To: Alberta’s Electricity Consumers

Date: November 24, 2016

Re: What Does a Capacity Market Mean for Alberta?

Alberta has just announced a significant change to its electricity market: the introduction of a capacity market. But what does this mean? And why are they making this change?

Broadly speaking, electricity systems are either market-based or centrally planned. In preparing to massively overhaul its system—by phasing out coal and quadrupling renewables—the Government of Alberta faced two choices.

The first was whether to remain with a market-based system or manage the transition by taking a centrally planned approach.  

Under central control, the planner determines the supply needs of the system and meets them by procuring generation under either a cost-of-service model at regulated rates or through long-term contracts.

Neither of these are good options. In the cost-of-service model, generators have incentive to add overly expensive generation. Long-term contracts lock Alberta into today’s technology for 20 years; a costly outcome, as Ontario’s experience reminds us.

Both also place considerable onus on the planner getting it right.

Alberta has rightly chosen not to go this route. They are remaining with a market-based system.

The second choice was whether to remain with the current market design or make changes.

Alberta is one of only a few places in the world that has an energy-only market. In an energy-only market, supply and demand meet every hour to set a price. Most of the time, this price is only sufficient for generators to recoup their operating costs (eg. fuel). However, in periods of high demand or limited supply, prices can soar and generators recover the fixed costs of their investment.

An energy-only market is notoriously volatile.
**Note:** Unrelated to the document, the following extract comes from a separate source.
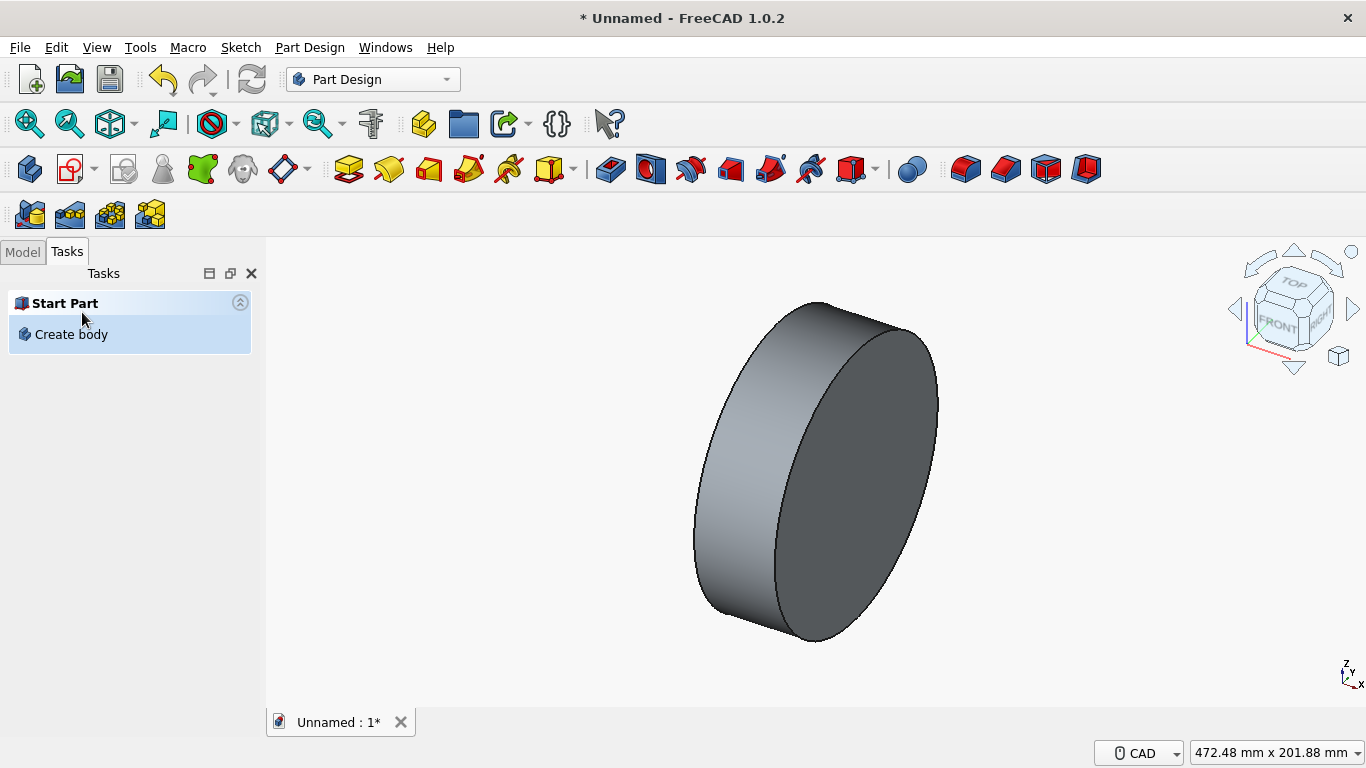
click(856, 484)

Prices can go from $20 per megawatt-hour to $1,000 the next. This volatility comes at a cost. Generators require a higher expected price to invest if their year is made or lost in a matter of hours.
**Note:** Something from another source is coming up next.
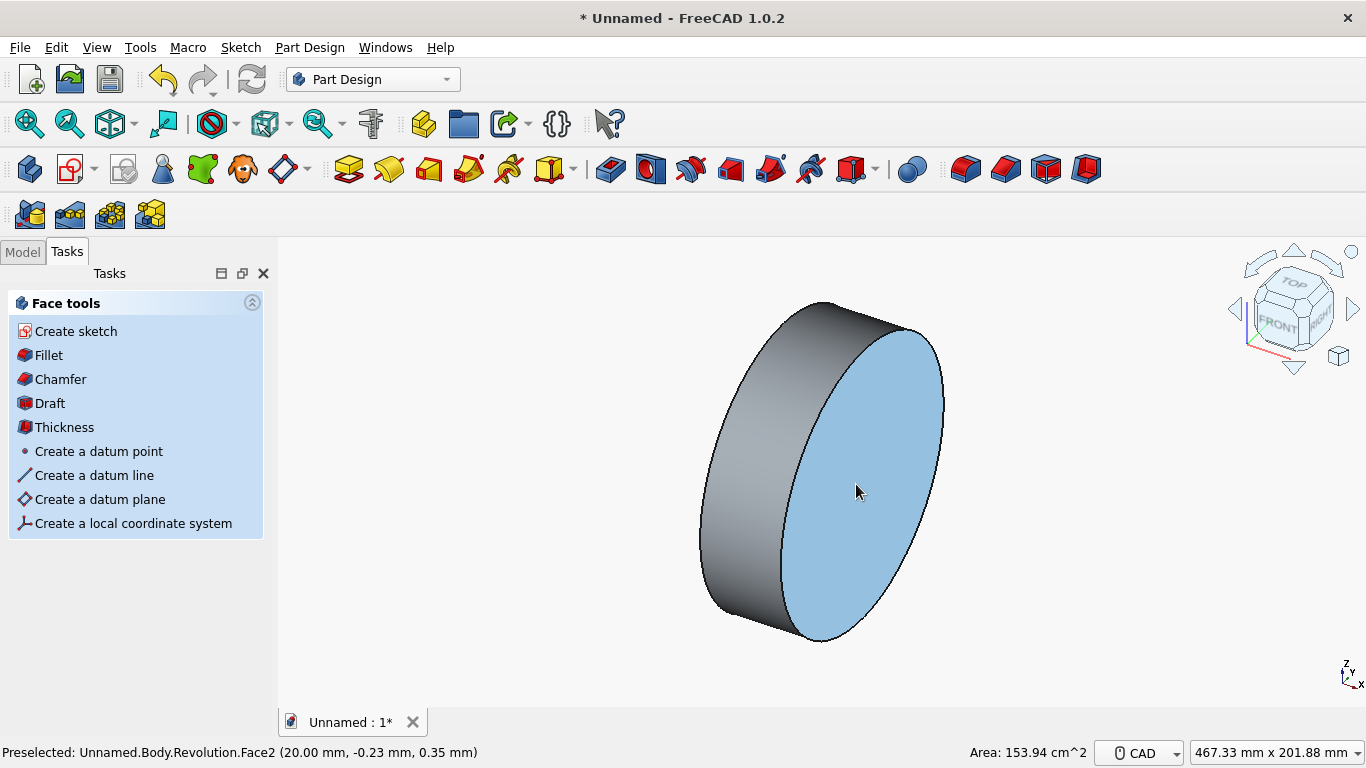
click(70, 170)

An increasing share of renewables also has implications. More renewables depresses prices for more hours of the year. For other generation to be viable, the price cap of $1,000 would likely have to be raised in order to capture sufficient revenue during price spikes to cover their investment costs. This is the path that Texas chose, recently raising their price cap to nearly $10,000. But mercy to the politician defending their efficient electricity system while prices ping $10,000!

For these reasons, many electricity systems around the world have added a capacity market. A capacity market is typically an annual auction that pays generators for their ability to generate, rather than simply their energy generated. For example, wind power provides energy but has limited ability to participate in capacity markets because of its intermittency, whereas a natural gas power plant offers reliable energy and capacity.

A capacity market shifts the benefits generators get from brief periods of high prices into annual capacity payments determined by competitive auction. This reduces price volatility and lowers investment costs and risks to reliability.

As the share of intermittent generation on the grid increases, having two markets that recognize the capacity and energy that different generators provide—and values them explicitly—is sensible policy.

Instead of following Ontario’s mistakes of long-term contracts, the Government of Alberta made the right move by maintaining and improving its market-based electricity system. 

Blake Shaffer is a PhD candidate at the University of Calgary and former Director of Energy Trading for Transalta Corporation. He has also served as a Policy Advisor to the Government of Alberta. The opinions expressed herein are his own.